What the person saying this means is that he thinks phone calls are more personal than texting, or she is tired of surveys, and therefore everyone is. The reality is that 30% of people who use texting prefer it to a phone call.  So they don’t find a phone call personal, they find it annoying.  And when it comes to surveys and reviews, if you get 1 out of 20 people to respond, that is an excellent result and will boost your SEO considerably.  So what if some people have “survey fatigue”?

In the early years of 1-800-DENTIST I would have dentists telling me all the time what TV shows I should be advertising on.  This was based on the shows that they liked to watch.  Instead, I used the statistical data that told me which shows got the most response and the best quality of patient.  Call me crazy.  I never watched an entire episode of Oprah, but she got several million dollars from us over the years.  Why? because I didn’t use my opinion as the paradigm.
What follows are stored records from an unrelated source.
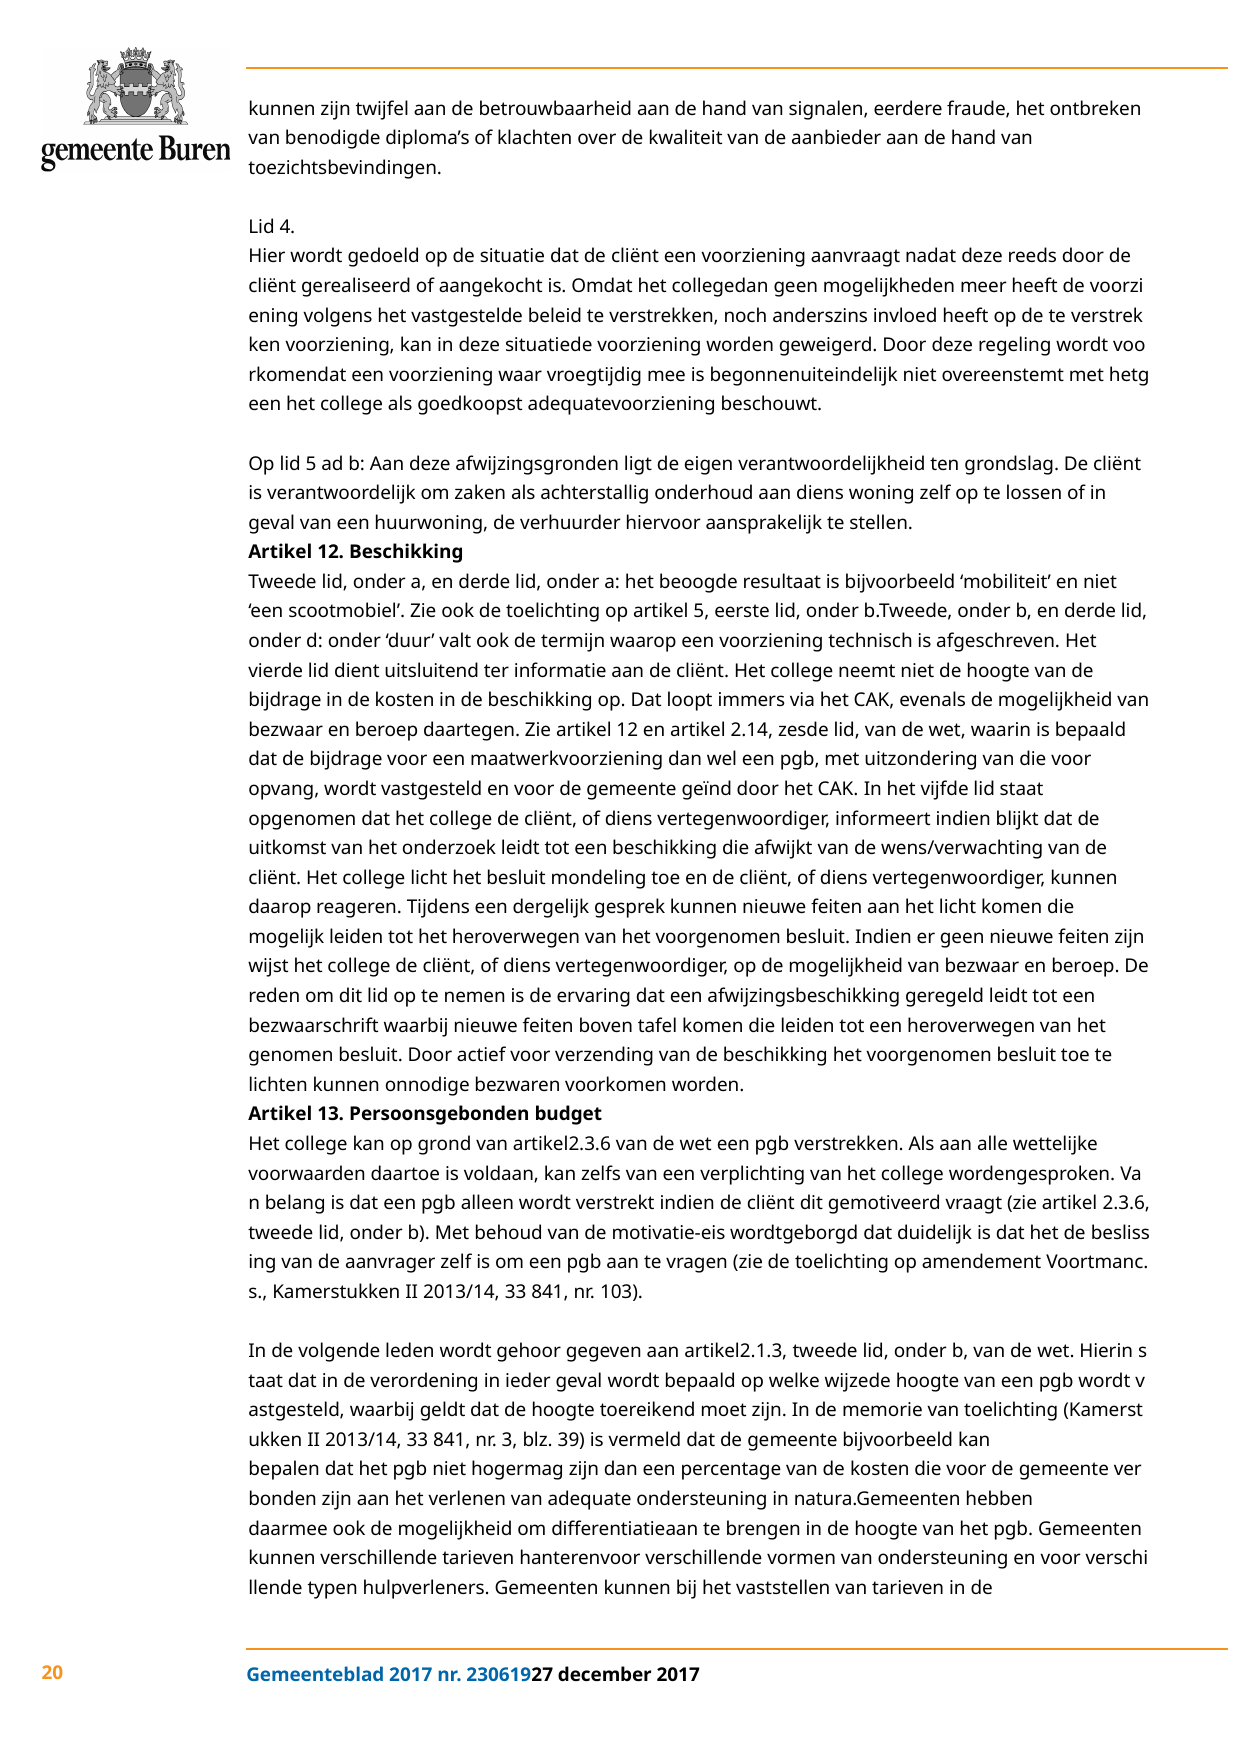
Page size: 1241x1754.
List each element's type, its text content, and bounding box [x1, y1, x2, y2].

text voorwaarden daartoe is voldaan, kan zelfs van een verplichting van het college wordengesproken. Van belang is dat een pgb alleen wordt verstrekt indien de cliёnt dit gemotiveerd vraagt (zie artikel 2.3.6, tweede lid, onder b). Met behoud van de motivatie‐eis wordtgeborgd dat duidelijk is dat het de beslissing van de aanvrager zelf is om een pgb aan te vragen (zie de toelichting op amendement Voortmanc.s., Kamerstukken II 2013/14, 33 841, nr. 103). [248, 1160, 1152, 1304]
text Lid 4. [248, 213, 1152, 239]
text Artikel 12. Beschikking [248, 538, 1152, 564]
text Tweede lid, onder a, en derde lid, onder a: het beoogde resultaat is bijvoorbeeld ‘mobiliteit’ en niet ‘een scootmobiel’. Zie ook de toelichting op artikel 5, eerste lid, onder b.Tweede, onder b, en derde lid, onder d: onder ‘duur’ valt ook de termijn waarop een voorziening technisch is afgeschreven. Het vierde lid dient uitsluitend ter informatie aan de cliënt. Het college neemt niet de hoogte van de bijdrage in de kosten in de beschikking op. Dat loopt immers via het CAK, evenals de mogelijkheid van bezwaar en beroep daartegen. Zie artikel 12 en artikel 2.14, zesde lid, van de wet, waarin is bepaald dat de bijdrage voor een maatwerkvoorziening dan wel een pgb, met uitzondering van die voor opvang, wordt vastgesteld en voor de gemeente geïnd door het CAK. In het vijfde lid staat opgenomen dat het college de cliënt, of diens vertegenwoordiger, informeert indien blijkt dat de uitkomst van het onderzoek leidt tot een beschikking die afwijkt van de wens/verwachting van de cliënt. Het college licht het besluit mondeling toe en de cliënt, of diens vertegenwoordiger, kunnen daarop reageren. Tijdens een dergelijk gesprek kunnen nieuwe feiten aan het licht komen die mogelijk leiden tot het heroverwegen van het voorgenomen besluit. Indien er geen nieuwe feiten zijn wijst het college de cliënt, of diens vertegenwoordiger, op de mogelijkheid van bezwaar en beroep. De reden om dit lid op te nemen is de ervaring dat een afwijzingsbeschikking geregeld leidt tot een bezwaarschrift waarbij nieuwe feiten boven tafel komen die leiden tot een heroverwegen van het genomen besluit. Door actief voor verzending van de beschikking het voorgenomen besluit toe te lichten kunnen onnodige bezwaren voorkomen worden. [248, 568, 1152, 1097]
text Op lid 5 ad b: Aan deze afwijzingsgronden ligt de eigen verantwoordelijkheid ten grondslag. De cliënt is verantwoordelijk om zaken als achterstallig onderhoud aan diens woning zelf op te lossen of in geval van een huurwoning, de verhuurder hiervoor aansprakelijk te stellen. [248, 450, 1152, 535]
picture [41, 47, 231, 172]
text Artikel 13. Persoonsgebonden budget [248, 1101, 1152, 1126]
text cliënt gerealiseerd of aangekocht is. Omdat het collegedan geen mogelijkheden meer heeft de voorziening volgens het vastgestelde beleid te verstrekken, noch anderszins invloed heeft op de te verstrekken voorziening, kan in deze situatiede voorziening worden geweigerd. Door deze regeling wordt voorkomendat een voorziening waar vroegtijdig mee is begonnenuiteindelijk niet overeenstemt met hetgeen het college als goedkoopst adequatevoorziening beschouwt. [248, 272, 1152, 416]
text kunnen zijn twijfel aan de betrouwbaarheid aan de hand van signalen, eerdere fraude, het ontbreken van benodigde diploma’s of klachten over de kwaliteit van de aanbieder aan de hand van toezichtsbevindingen. [248, 95, 1152, 180]
text Het college kan op grond van artikel2.3.6 van de wet een pgb verstrekken. Als aan alle wettelijke [248, 1130, 1152, 1156]
text Hier wordt gedoeld op de situatie dat de cliënt een voorziening aanvraagt nadat deze reeds door de [248, 243, 1152, 268]
text In de volgende leden wordt gehoor gegeven aan artikel2.1.3, tweede lid, onder b, van de wet. Hierin staat dat in de verordening in ieder geval wordt bepaald op welke wijzede hoogte van een pgb wordt vastgesteld, waarbij geldt dat de hoogte toereikend moet zijn. In de memorie van toelichting (Kamerstukken II 2013/14, 33 841, nr. 3, blz. 39) is vermeld dat de gemeente bijvoorbeeld kan bepalen dat het pgb niet hogermag zijn dan een percentage van de kosten die voor de gemeente verbonden zijn aan het verlenen van adequate ondersteuning in natura.Gemeenten hebben daarmee ook de mogelijkheid om differentiatieaan te brengen in de hoogte van het pgb. Gemeenten kunnen verschillende tarieven hanterenvoor verschillende vormen van ondersteuning en voor verschillende typen hulpverleners. Gemeenten kunnen bij het vaststellen van tarieven in de [248, 1337, 1152, 1600]

I don’t mean to sound all high and mighty about this.  It’s a reflex response.  I recently spoke to the dental students at Harvard, and one of the students remarked, “I’m not attracted to all that personal stuff on Facebook business pages. It seems frivolous and irrelevant.”  She may be right about that with regard to many other businesses, but the fact is many people are looking for exactly that on a dental practice Facebook page, because the experience of being a patient is what influences them to go, stay and accept treatment, not clinical skills. They see a video of your best crown prep and they’re gone.

I have a name for this: the ETLID Fallacy. (Everyone Thinks Like I Do).  Hey, it’s not catchy, but it fits.

Some other classic ETLID assumptions :

“Facebook is kid stuff.” The fact is that the largest group of Facebook users is 25-34 and the fastest growing group of Facebook users is the over-60 population.

“People don’t care about design when it comes to spending.”  Really?  Look at the pricing difference between Dunkin Donuts and Starbucks, or Apple versus Dell, and tell me if that opinion passes the reality check.  We spend based on packaging, and that goes for your dental office just as much as a bottle of Grey Goose.

“My patients don’t use email.” Wrong. 97% of Americans have email, and over 90% check it every day.

“No one is going to pick a dentist on Facebook.” Except that 25% of Facebook users said they would be willing to find a dentist that way.

“My patients love me.” Some do, for sure. But when we have clients using our ReActivation Pro product, where we use live operators to call dormant patients, how is it that 32% of those patients have found another dentist? That doesn’t count the 14% who have moved away.

“Website design doesn’t matter as much as content.”  Just the opposite. Research has shown that consumers are making judgments about your clinical skills based on the appearance of your website. I know that those two things are unrelated.  And in this example is another important point: many times those ETLID opinions are based on logic or reasonable assumptions.  The truth is that consumers don’t always act rationally or logically especially when it comes to dentistry.

“People are flakes when it comes to keeping their dental appointments.”  Okay, this one is true.

It isn’t just small business owners that make this mistake. I know executives as very large organizations making the same sort of “gut” decisions and putting millions of dollars behind it. With the same sad results.

Statistics tell you what most people do. I’ve been doing advertising long enough to stop trying to figure out why. I just go with the data. I accept that people act irrationally, and that most people don’t think the way I do about most things. And the numbers tell me that website design matters, social media is important, digital communication is the new norm, reviews influence consumers,  and everything a patient experiences in the practice influences their acceptance of treatment.

Valuable data is easier to access than ever. Use it to balance your opinion.  Hey, you may even be right sometimes!